Variation Correlation Notes
V2 Original r=-0.04 No learning
V2 + 10x data r=0.002 Still no correlation
Gated CNN r=0.36 Architecture matters!
+ Quantile loss (τ=0.9) r=0.38 Best for paired
+ Scaling r=0.22 Overfitting
+ Temperature r=-0.03 No improvement
+ Multi-task r=-0.07 Task interference

Best Configuration

from agentic_spliceai.splice_engine.meta_layer.models import (
    SimpleCNNDeltaPredictor,
    create_calibrated_predictor
)

# Best architecture
base_model = SimpleCNNDeltaPredictor(
    hidden_dim=64,
    n_layers=6,
    kernel_size=15
)

# Best calibration: Quantile loss
model = create_calibrated_predictor(
    base_predictor=base_model,
    strategy='quantile',
    quantile=0.9  # Focus on large deltas
)

Limitations

1. Target Quality Issue

The fundamental problem:

If variant is NOT splice-altering but base model predicts a delta:
  → We're training on WRONG targets
  → Model learns noise, not signal

2. Inference Overhead

Requires two forward passes: 1. Encode reference sequence 2. Encode alternate sequence 3. Compute difference

This is slower than single-pass approaches.

3. Correlation Ceiling

Even with best architecture (Gated CNN) and loss (Quantile), correlation is limited to r=0.38. This suggests the target (base model delta) is not reliable enough.


When to Use

Use when: - You trust base model predictions - Reference sequence is always available - Inference speed is not critical

Don't use when: - Base model has known blind spots (most variants!) - Single-pass efficiency is needed - You have SpliceVarDB labels (use Validated Delta instead)
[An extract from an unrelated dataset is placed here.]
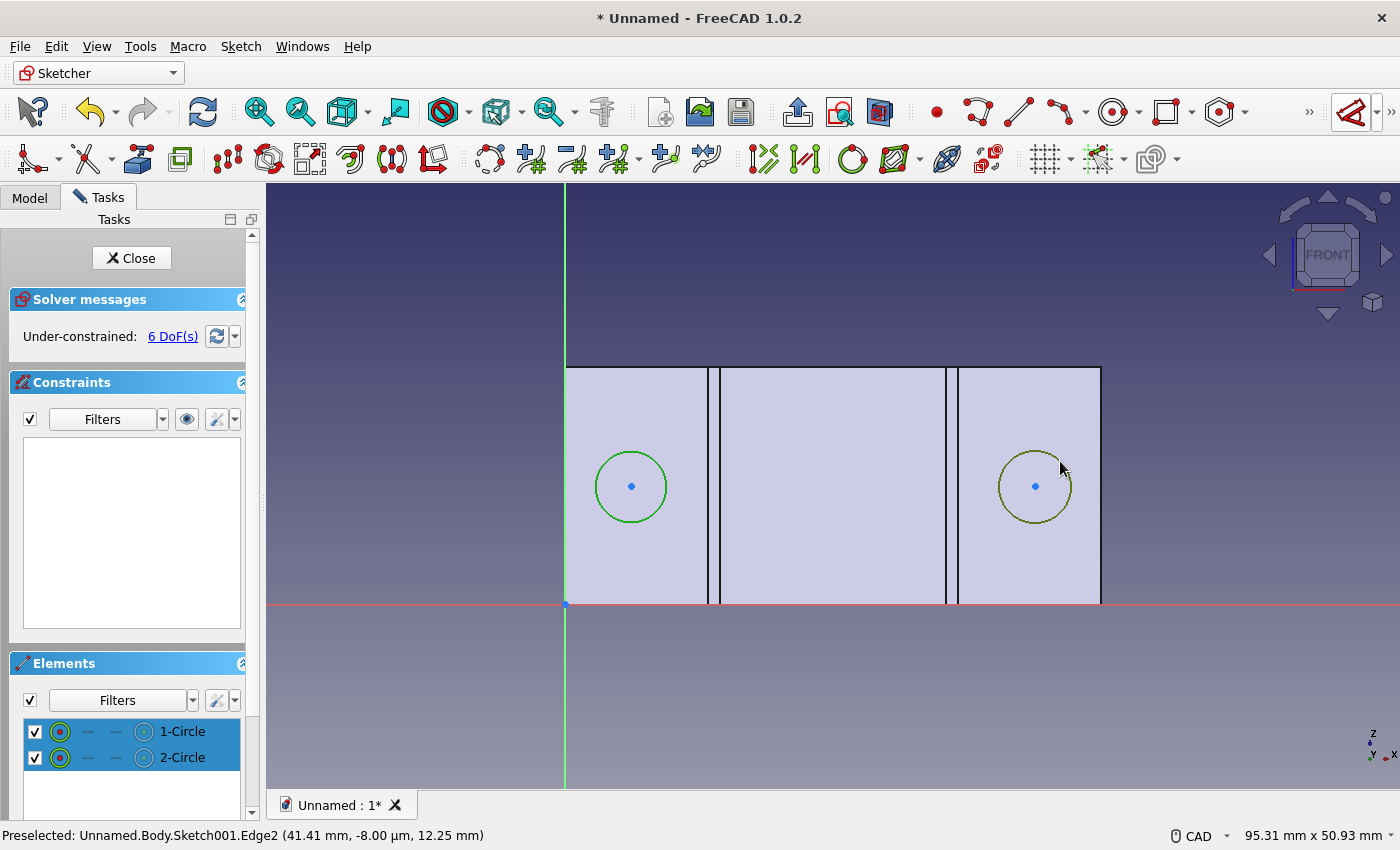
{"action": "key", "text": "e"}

Comparison to Validated Delta

Aspect Paired (this) Validated
Input ref + alt alt + var_info
Target base_delta SpliceVarDB-validated
Forward passes 2 1
Correlation r=0.38 r=0.41
Target quality Variable Ground truth

Model Files

File Description
models/delta_predictor.py Original Siamese implementation
models/delta_predictor_v2.py Per-position output version
models/hyenadna_delta_predictor.py SimpleCNNDeltaPredictor
models/delta_predictor_calibrated.py Calibration wrappers

Lessons Learned

  1. Architecture matters: Gated CNN >> simple CNN
  2. Loss function matters: Quantile loss >> MSE for sparse deltas
  3. Target quality is limiting factor: Can't exceed base model accuracy
  4. Consider single-pass alternatives when SpliceVarDB labels available

For better results, consider using Validated Delta Prediction instead.